*ASSIGNMENT*. The required answer is an exact copy of every line from the beginning of the entries through the line with "[0:00.0-0:12.0]", with all pictures omitted.

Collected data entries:
========
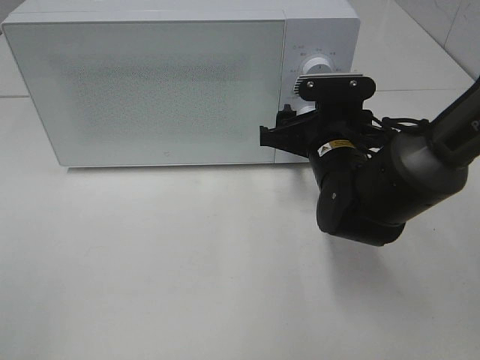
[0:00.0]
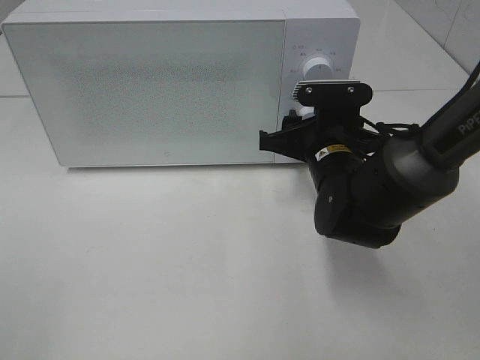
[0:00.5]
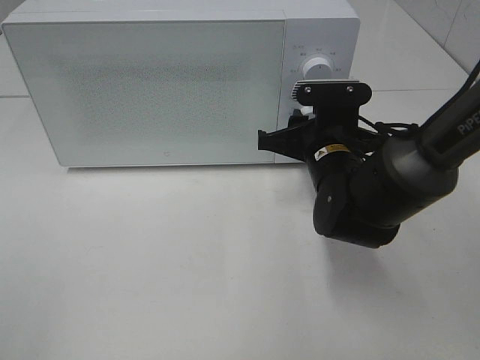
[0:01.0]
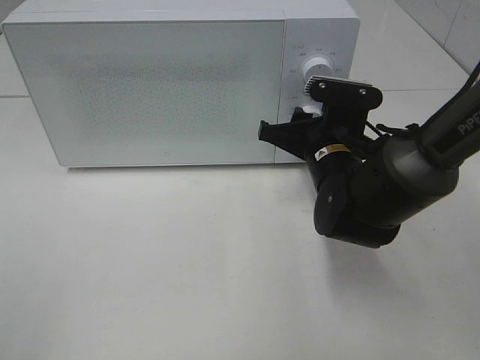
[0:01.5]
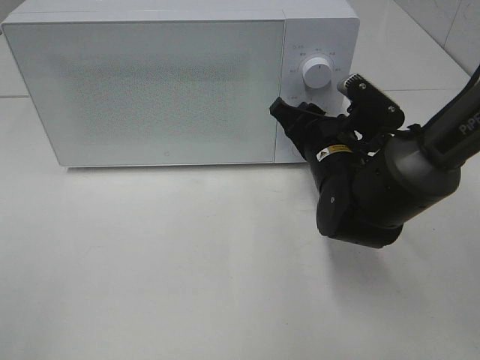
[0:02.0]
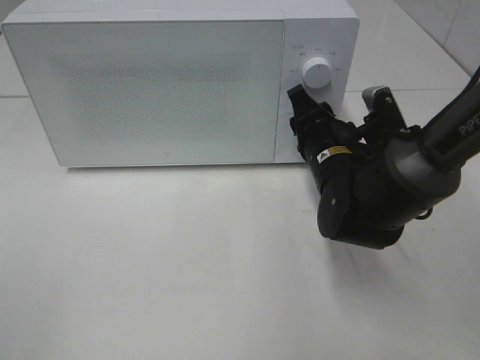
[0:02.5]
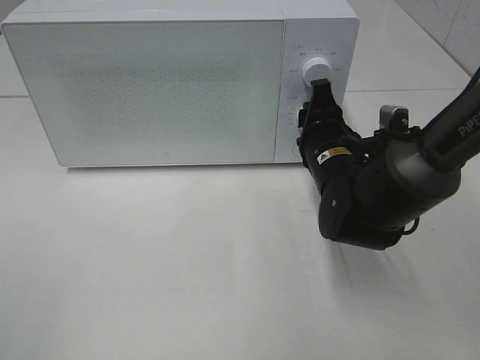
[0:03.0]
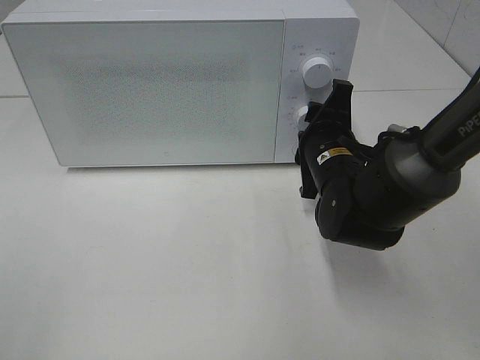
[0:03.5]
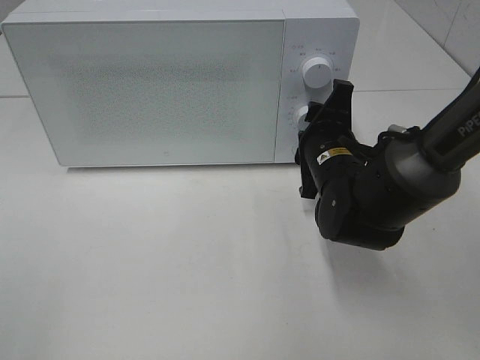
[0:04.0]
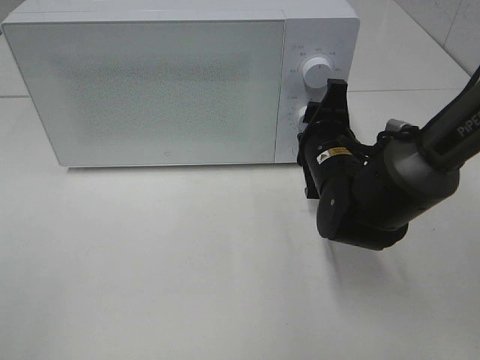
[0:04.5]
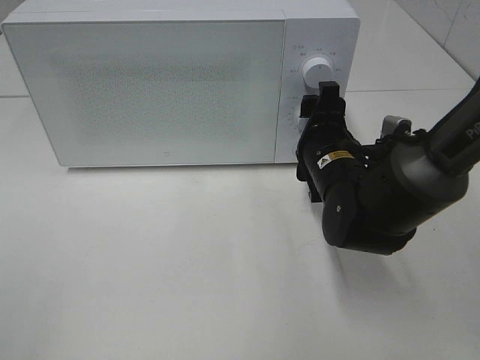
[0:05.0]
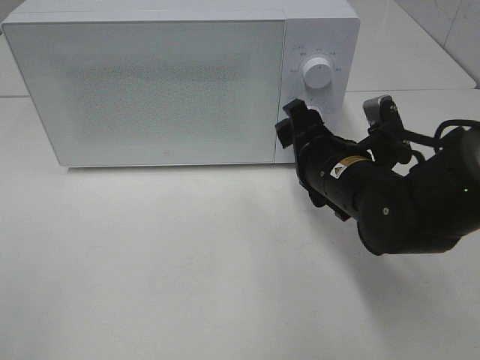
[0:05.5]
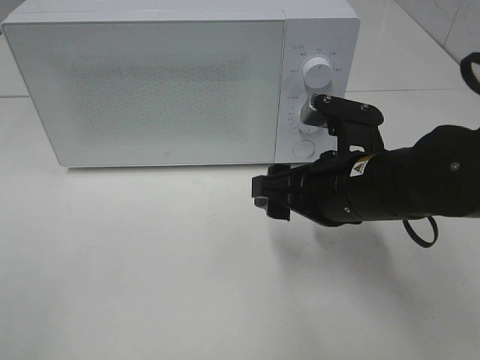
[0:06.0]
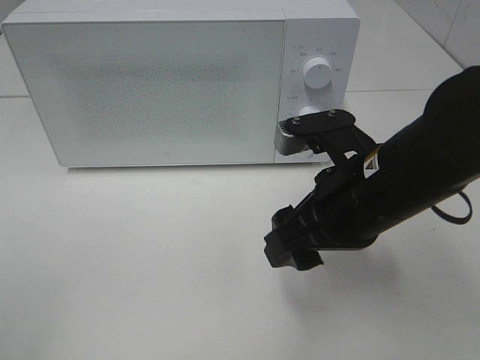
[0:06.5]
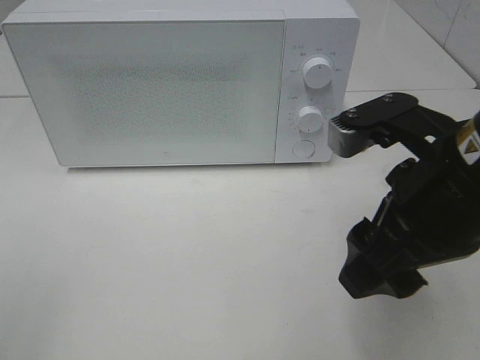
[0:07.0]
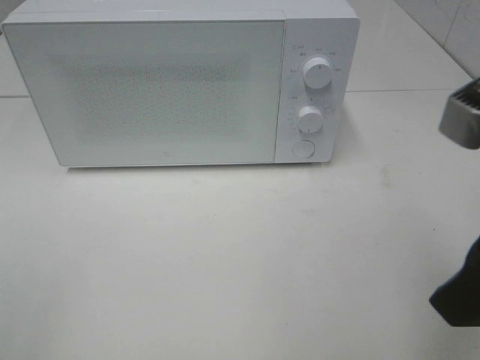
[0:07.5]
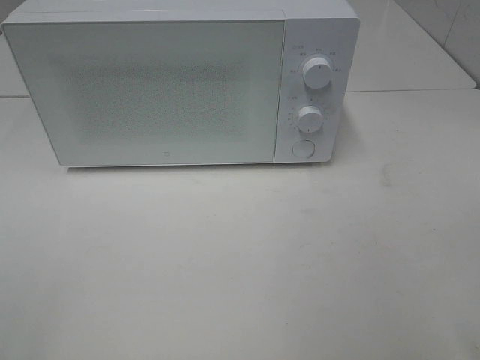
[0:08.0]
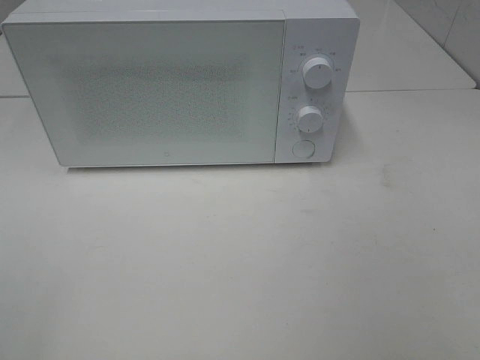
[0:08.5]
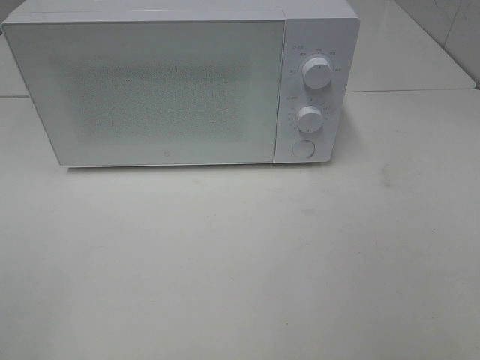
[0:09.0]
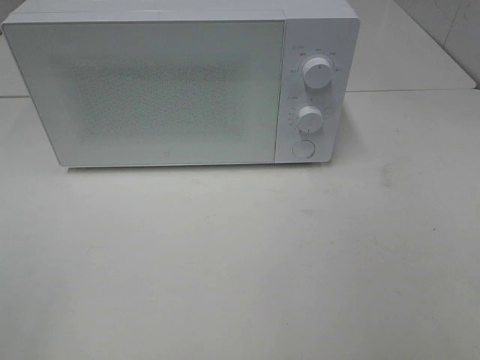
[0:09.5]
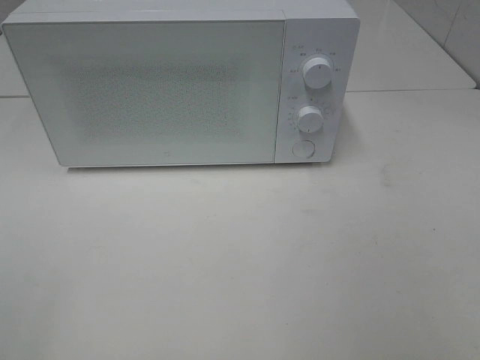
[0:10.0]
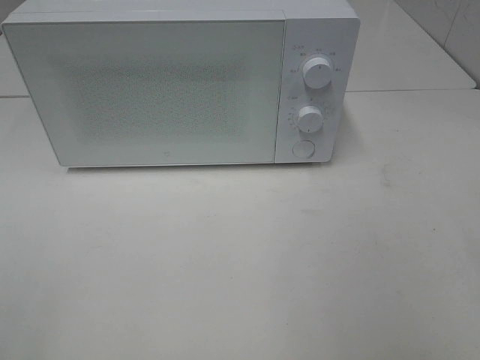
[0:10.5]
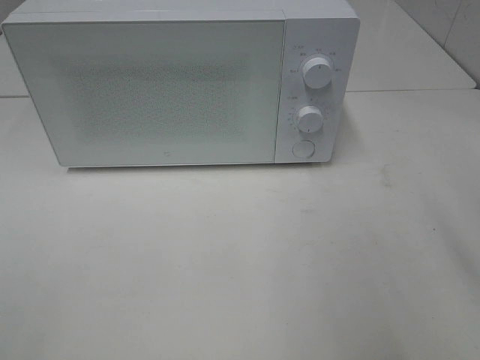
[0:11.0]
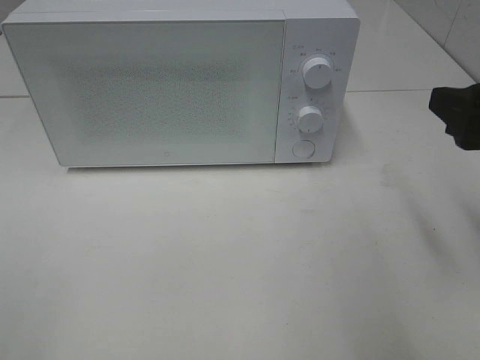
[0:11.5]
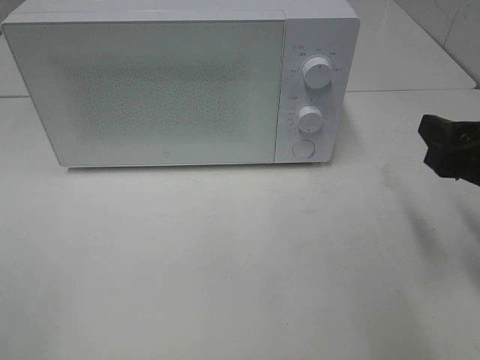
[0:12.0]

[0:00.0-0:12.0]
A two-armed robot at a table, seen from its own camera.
Task of the whole recording: Heat the burger.
Step, 0:00.0 to 0:04.5: Right hand: twist timer button.
0:04.0 to 0:06.0: The right gripper goes about 10 cm backward.
0:06.0 to 0:08.0: The right gripper travels backward, upward and to the right by about 25 cm.
0:10.0 to 0:12.0: The right gripper heads forward and downward, covering roughly 20 cm.
========
*RESPONSE BOX*.
[0:00.0]
[0:00.5]
[0:01.0]
[0:01.5]
[0:02.0]
[0:02.5]
[0:03.0]
[0:03.5]
[0:04.0]
[0:04.5]
[0:05.0]
[0:05.5]
[0:06.0]
[0:06.5]
[0:07.0]
[0:07.5]
[0:08.0]
[0:08.5]
[0:09.0]
[0:09.5]
[0:10.0]
[0:10.5]
[0:11.0]
[0:11.5]
[0:12.0]

[0:00.0-0:12.0]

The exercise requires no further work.